Further (slow) progress was made in the battle against robocalls when T‑Mobile USA, Comcast and Inteliquent became the first telcos to verify a single STIR/SHAKEN call across three separate networks.

December

Swedish network equipment suppliers Ericsson paid USD1bn to US authorities as punishment for bribing government officials and telco executives in Djibouti, China, Vietnam, Indonesia and Kuwait.

New York prosecutors accused a teenager of swapping 75 SIMs and stealing USD1mn from victims who were targeted because they own cryptocurrency.

Rocco Research repeated their annual survey of which vendors are best for detecting simboxes. The winners were Araxxe, LATRO and SIGOS.

The GSMA published ‘best practice’ on how to prevent mobile money fraud, but their advice was thin.

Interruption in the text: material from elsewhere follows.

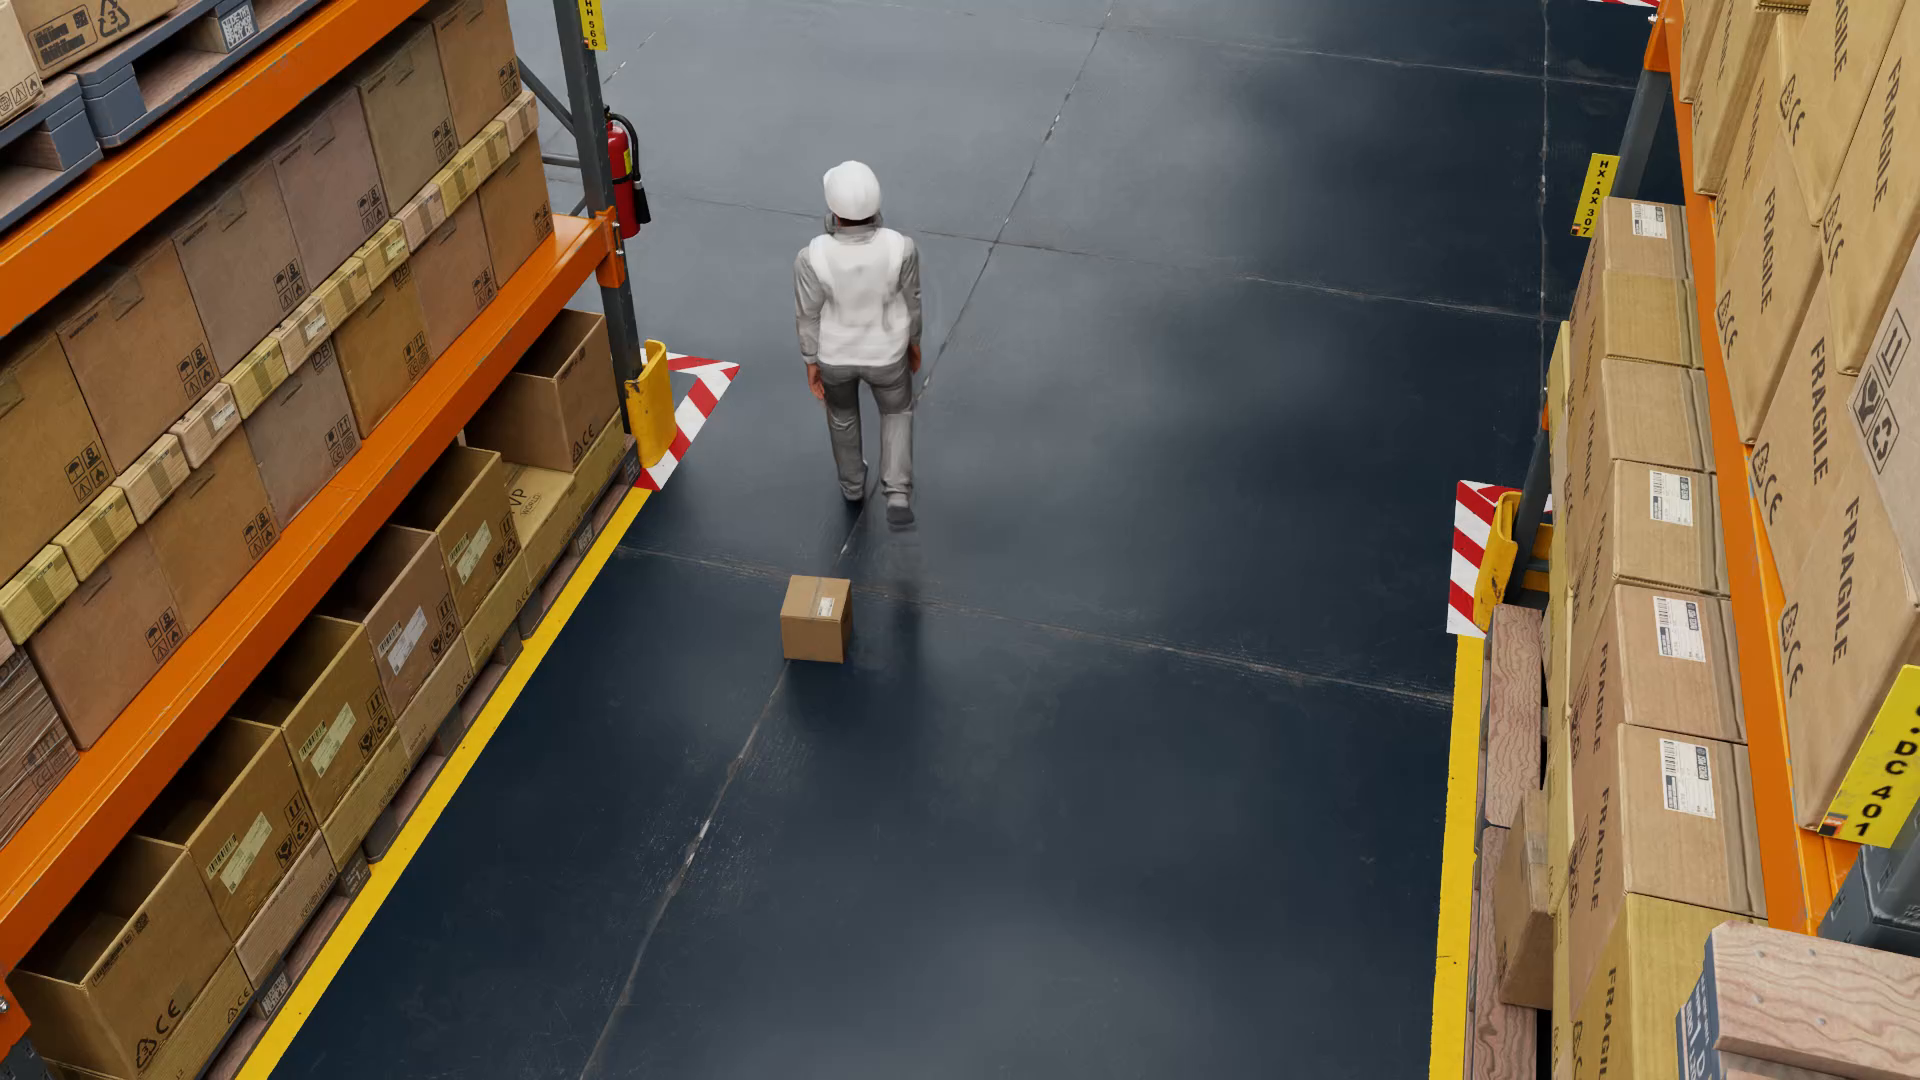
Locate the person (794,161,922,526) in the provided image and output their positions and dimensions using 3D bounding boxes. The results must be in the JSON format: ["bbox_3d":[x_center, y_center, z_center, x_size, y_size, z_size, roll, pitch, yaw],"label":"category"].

Leading vendor Subex agreed to connect all customers of their ROC fraud management system to the RAG Wangiri Blockchain. They descirbed the anti-wangiri consortium as “a great opportunity for the industry to come together and move collectively against fraud”.

All Year Long

Huawei, SIM swaps, the (painful) transition to business assurance, and high-level corruption were major recurring themes of conversation during 2019, but there was one topic that generated headlines all around the world, every single month. There were many regulatory warnings and plenty of adverse press for wangiri fraud attacks, where con artists leave a missed call for customers in the hope they will dial back to an expensive destination. These are just some of the wangiri articles published by Commsrisk during 2019:

If wangiri proves anything, it is that the supposedly hectic change of pace in telcos is not leading us to fix some old and familiar problems. Wangiri has caused massive reputational harm for telcos, with the result that ordinary people around the world now know the Japanese for ‘one cut’. Despite this, there are still many telcos that only offer excuses when challenged by the media and the public.

The telecoms industry is passing through a turbulent period, but too many professionals are still relying on old and inadequate mitigation techniques to address problems that have persisted even longer. Customers are losing their patience with telcos, and criminals often shame us by eagerly and effectively adopting new technology whilst successfully corrupting our staff. 2019 was a rough year in many respects, but it showed we can and must do better in 2020.